Built 1790 for Ayscough Boucherett by Robert Mitchell (similar style can be seen in the engraving Selwood Park (Silwood Park), in the County of Berks, the Seat of James Sibbald Esqr - designed 1788). It was last used as a german then italian prisoner of war camp in WWII before becoming a civil defence training centre. The Boucherett family were regularly painted by Sir Thomas Lawrence, P.R.A. (1769-1830).
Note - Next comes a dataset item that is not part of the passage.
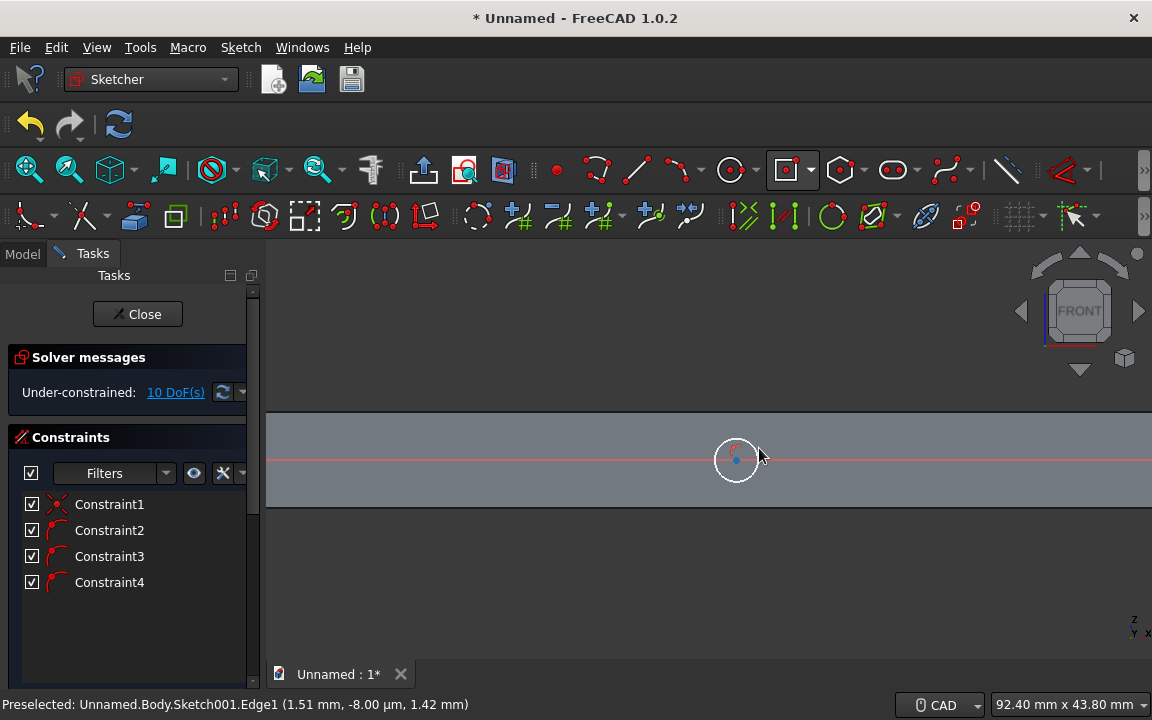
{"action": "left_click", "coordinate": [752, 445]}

This view of the house was first sketched by Mr John Aspin, redrawn by Mr R Corbould, then engraved by Bartholomew Howlett and Published by William Miller, Old Bond Street in 1801.
 
 
Portrait of Mrs Ayscoghe Boucherett with her two Eldest children Emilia and Ayscoghe, and her half-sister Juliana Angerstein in a garden. Sir Thomas Lawrence (1769-1830) sketched and painted the Boucherett family regularly between 1793 and 1805 and would have been only 25 years old when this pastel picture was completed. Their country seat, Willingham House, Lincolnshire had a classical pillared portico as is used in this image although this is just as likely to be a ‘studio effect’ added to reflect the taste and fashion of the times. The picture passed from the Boucherett family to William Angerstein (b.1811 - d.1897) of Weeting Hall, Norfolk which suffered exactly the same fate as Willingham House, but being demolished earlier in 1954 following years of war requisition and hospital useage.
 
 
Willingham House, Lincs C1900. Unusual for a house of this stature, for all the locals to see, this was the view from the main road, from Market Rasen to Louth. The lake still remains, although now obscured by mature trees from the main road. Willingham House was blown up at 2pm on June 7 1967 by explosives set by the Royal Engineers following years of neglect. The roof timbers were suffering from wood beatle which was making the building unstable. There was little feeling of heritage attached to the 1790 building by the local authorities, perhaps surprisingly for a county, noted for its conservation of ecclesiastical architecture since the C18th. However, the house had been a prison camp during and following WW2, then an MOD training camp and was unlikely to be taken on again by a family. The repair costs outweighed conversion costs and the feeling was that something should be done rather than leave a dangerous ruin unattended. To avoid the hazard of collapse (and to save money) during a careful demolition and salvage operation, the decision was taken to use dynamite. For practical reasons, but shocking to us today, the portico had its pillar’s loaded with explosives to do the job, thus reducing the remains to nothing more than land-fill. The beautiful wrought iron stair rails may well have been taken away for their scrap value, not having any practical use for anything else. The decorative plastered ceilings and walls were all destroyed. Very few images survive of the interior, or the back of the hall, which was made up of the service buildings and stables (3/4 of the total building area).